Lo más relevante de las encuestas
que se están publicando no es la posible debacle electoral del PP ni el poco
rédito que de ella sacan los partidos de la oposición. Es aquello que sería
bien visible si los grandes
titulares no estuvieran más para ocultar que para mostrar: la poca movilidad
electoral del español, es decir, la plasmación política de su acinesia
geográfica. El español quiere nacer, vivir y morir en su terruño, sin desplazarse
por esos mundos de Dios, si no es con cámara de fotos y billete de vuelta.
Los propios partidos políticos, que hace cincuenta años
no existían o tenían una presencia fantasmal, buscan enredarse en las ramas del
árbol genealógico de cada familia. Eso sí, saltándose a Franco. Nunca he
entendido la impugnación total del franquismo, si para unos fue la época del
siglo XX donde no se discutieron ciertas cosas, y para otros, su mayor vivero
de afiliados.
Pero no quiero enredarme en más sociologismos (no me he
puesto las gafas con cuerdecita) que no sea explicar el proceso patrio del
cambio de voto. Comienza cuando el deterioro del partido al que has estado apoyando
desde tu más tierna madurez es inocultable e injustificable. Hay algo que te
mueve a castigarlo pero aparece el primer freno mental: si tu partido es malo,
los otros son peores, es más, lo malo de aquel es producto de la influencia
perniciosa de estos. Puedes pensar en la abstención o el voto en blanco, pero
convienes en que es una pérdida de tiempo sin sentido. Pasan los días, los
meses, y el hundimiento de la opción preferida es tal que las ansias de cambio acaba
conteniéndolas el sentimentalismo de primer grado: “¡Qué diría mi padre!”. Y si
esto no fuera suficiente vas bajando la gradación hasta llegar a los bisabuelos
o tatarabuelos. La naturaleza es tan sabia que la multiplicación de antepasados
que vivieron en un momento de nuestra historia con más épica, crece cuando
ahondas en el tiempo. Y el “¿para eso hemos muerto un millón de españoles?”

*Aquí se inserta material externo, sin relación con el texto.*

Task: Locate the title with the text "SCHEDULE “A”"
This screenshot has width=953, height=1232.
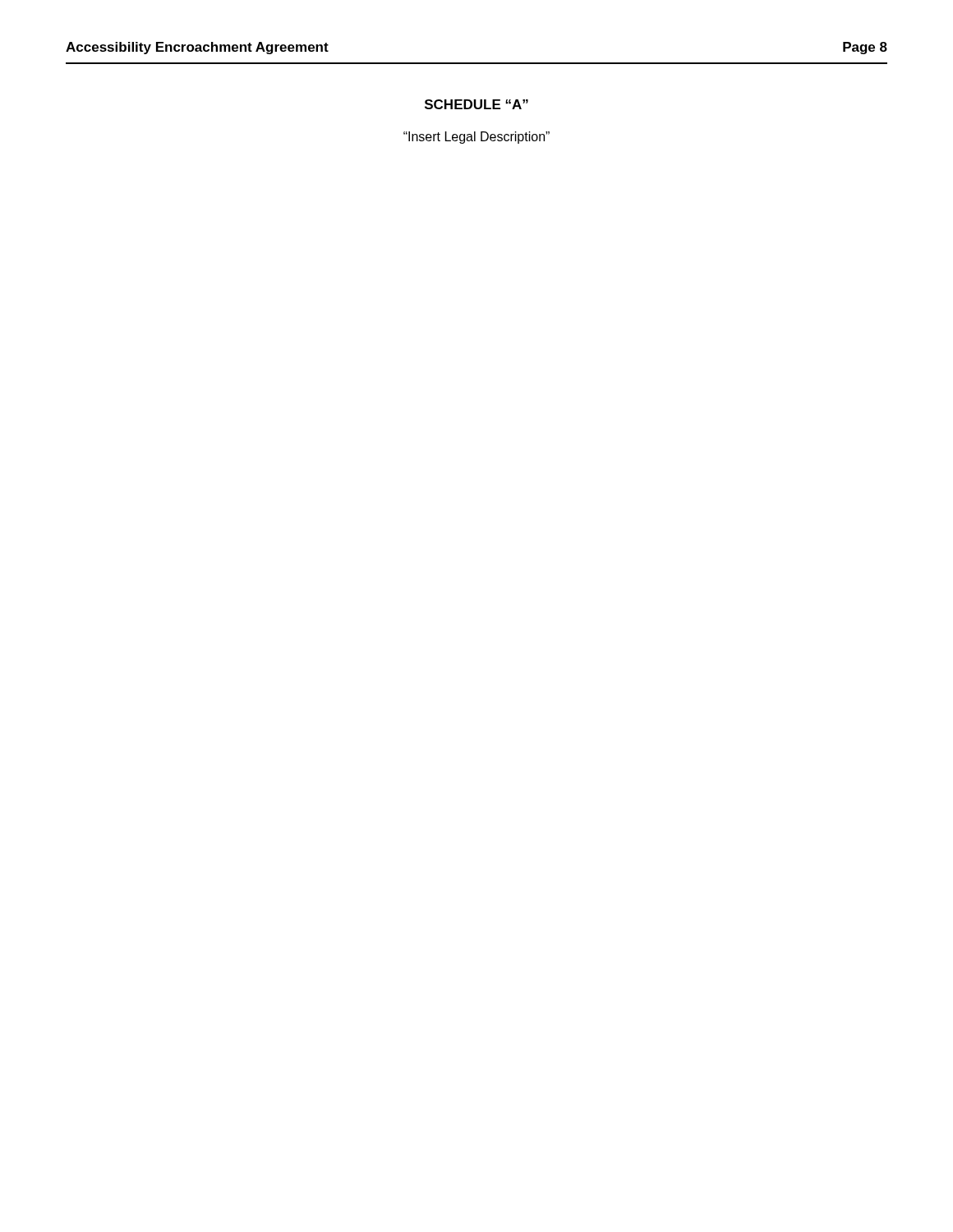Action: 476,105
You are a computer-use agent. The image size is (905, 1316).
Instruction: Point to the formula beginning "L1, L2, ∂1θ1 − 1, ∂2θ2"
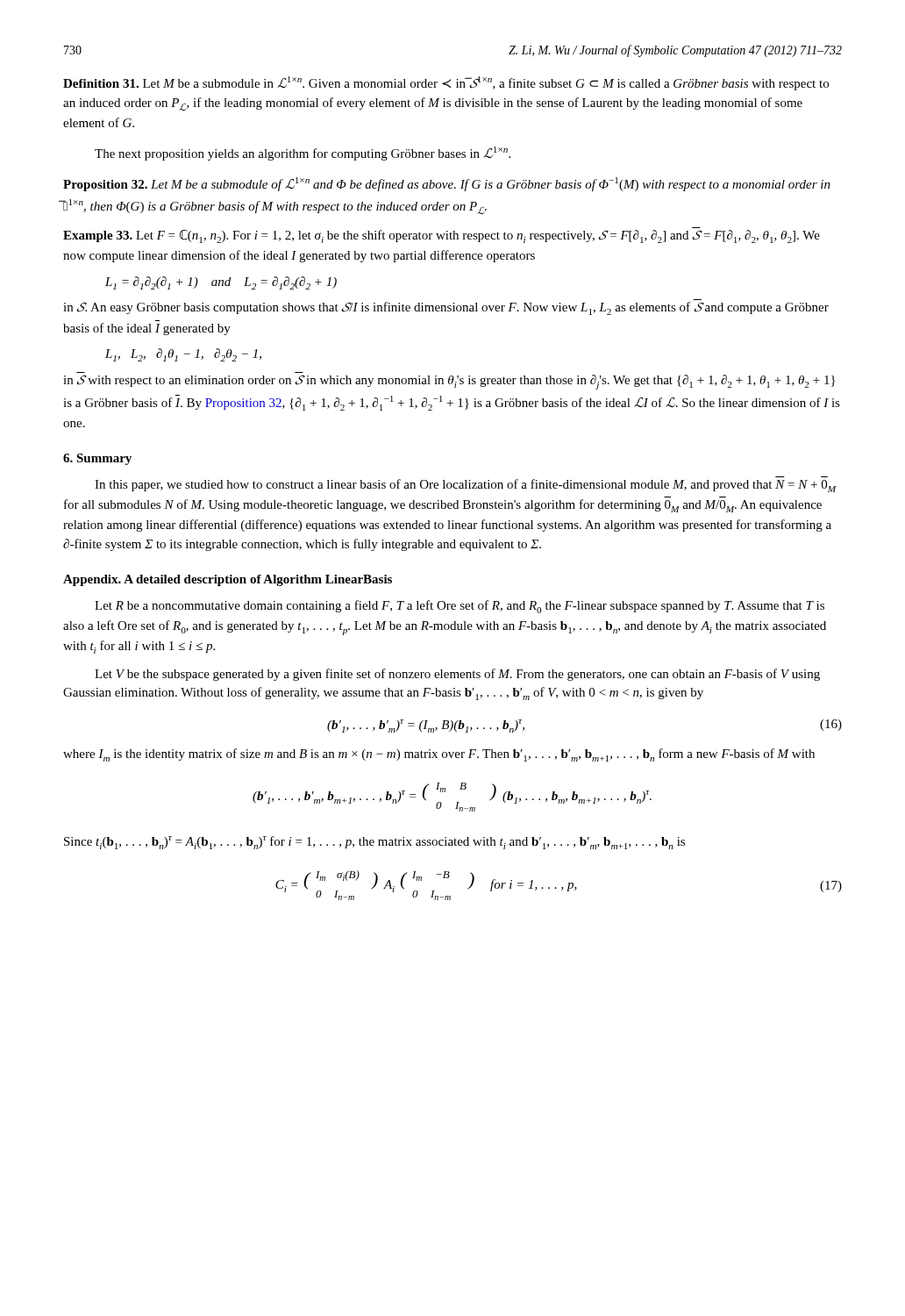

sirve para cualquier ideología.
Pero llega un momento que ni la sangre de tu sangre
derramada, por muy coagulada que esté, sujeta la indignación. Entonces aparece
el segundo freno mental: como vas a votar tú al mismo partido que Fulanito, que
es un manta, que cuando se engalla en el bar se vuelve insoportable, y claro,
tú tienes que engallarte también, pues tienes motivos, una historia familiar de
penalidades te avala. No como él: sabes muy bien como ganó la fortuna que le
permite doble ración de banderillas por cerveza.
Todo esto está bien, pero la repugnancia que te
provocan los contrarios disminuye mientras la que te causan los tuyos no
termina de crecer. Y entonces te agarras a los líderes. El primer acercamiento
es negativo: todos son iguales, todos están para robar. Pero eso es
precisamente lo que resulta fatal. Pasar de Rubalcaba a Rajoy, o viceversa, si
lo piensas bien, no es tan difícil. Por mucho que alegues un matiz de carácter
por aquí o un tono de voz por acá, te das cuenta que en el fondo son dos
señores con barba, cabezas de dos partidos que sólo buscan el poder.
La mayoría de los que siguen esta evolución suelen
acabar en el pasotismo más absoluto. Y no vuelven a votar. Pero tú eres un
demócrata, crees en los efectos vivificadores de la papeleta en la urna, y no quieres
terminar como un perroflauta cualquiera. Y cambias, ya sí, de opción política
cuando caes en la cuenta de que los únicos que, a tu alrededor, defienden a tu antiguo partido
son los que viven directa o indirectamente de él.